“WHAT HAPPENED?” WYATT SAID THEnext day when I opened the door with that ridiculous haircut. He’d come over to pick up some things: his mail, his racquetball goggles, some snow boots I’d never seen him wear. He rang the doorbell instead of using the key. “Your hair is… uh…” His face drooped with concern.
“They wrote me off,” I said. “Stella—she died for good.” I musthave looked feral with my mess of hair, my eyes wild. I was wearing his jeans, and they sat low on my waist.
“She always comes back,” he said.
“Not this time.” He reached for my hair and ran his fingers through it, studying it like a problem to be solved. “It’s awful, I know.”
Wyatt led me to the bathroom and put a towel over my shoulders. He had me sit on the edge of the tub. From his grooming kit he withdrew the razor, and he swapped out the attachment and clicked a piece of plastic into place. He turned it on. I felt the buzzing in my head and down through my arms to my chest. All that buzzing reminded me of those 1950s fat-jiggling machines, the ones that promised weight loss without the work. I watched my hair fall to the ground in clumps.
“Fresh start,” Wyatt said.
I ran my hand over my head—so soft. Softer than Prell shampoo could ever make it. Not coarse from hairspray or gels or chemical perms. More like the pelt of an animal.

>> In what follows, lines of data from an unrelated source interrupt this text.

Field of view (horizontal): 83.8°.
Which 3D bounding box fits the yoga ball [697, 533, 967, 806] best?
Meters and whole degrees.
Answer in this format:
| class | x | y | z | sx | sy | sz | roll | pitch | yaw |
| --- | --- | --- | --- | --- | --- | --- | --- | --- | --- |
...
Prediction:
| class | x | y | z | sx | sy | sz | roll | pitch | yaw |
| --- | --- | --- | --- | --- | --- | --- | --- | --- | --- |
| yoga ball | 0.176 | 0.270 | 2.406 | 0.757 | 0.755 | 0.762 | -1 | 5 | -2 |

In the mirror, I was surprised at the image of myself: my neck, which looked sleeker than ever before, the boxy angle of my jawline, the contours of my face, which appeared so different without the counterpoint of hair. My face looked brighter, despite the signs of age that had settled into my skin: the quotation marks at the sides of my eyes, the parentheses around my mouth, as though everything I said was an aside.
“Fresh start,” I said.
He removed the towel from my shoulders and brushed the hair from my neck. He’d thought to plug the tub so the drain wouldn’t clog, and I loved this part of him, his foresight, his practicality. He found an old bread bag and began collecting my hair in it.
“How are your plants?” I asked. The room blurred from my tears. I didn’t want to cry. Wyatt put his arm around me, then pulled me into him, and let me cry there, in the hollow of his chest, a place that felt warm and dark and familiar.
I wanted to tell him how sorry I was, not for the affair he didn’t even know about—not yet—but for all of it, for our lives not leading where we thought they would take us. For not being me in real life. For being a cliché. Melodramatic. Made for TV. I’d saved the authentic parts of myself for the camera. My real life is where I’d done the performing.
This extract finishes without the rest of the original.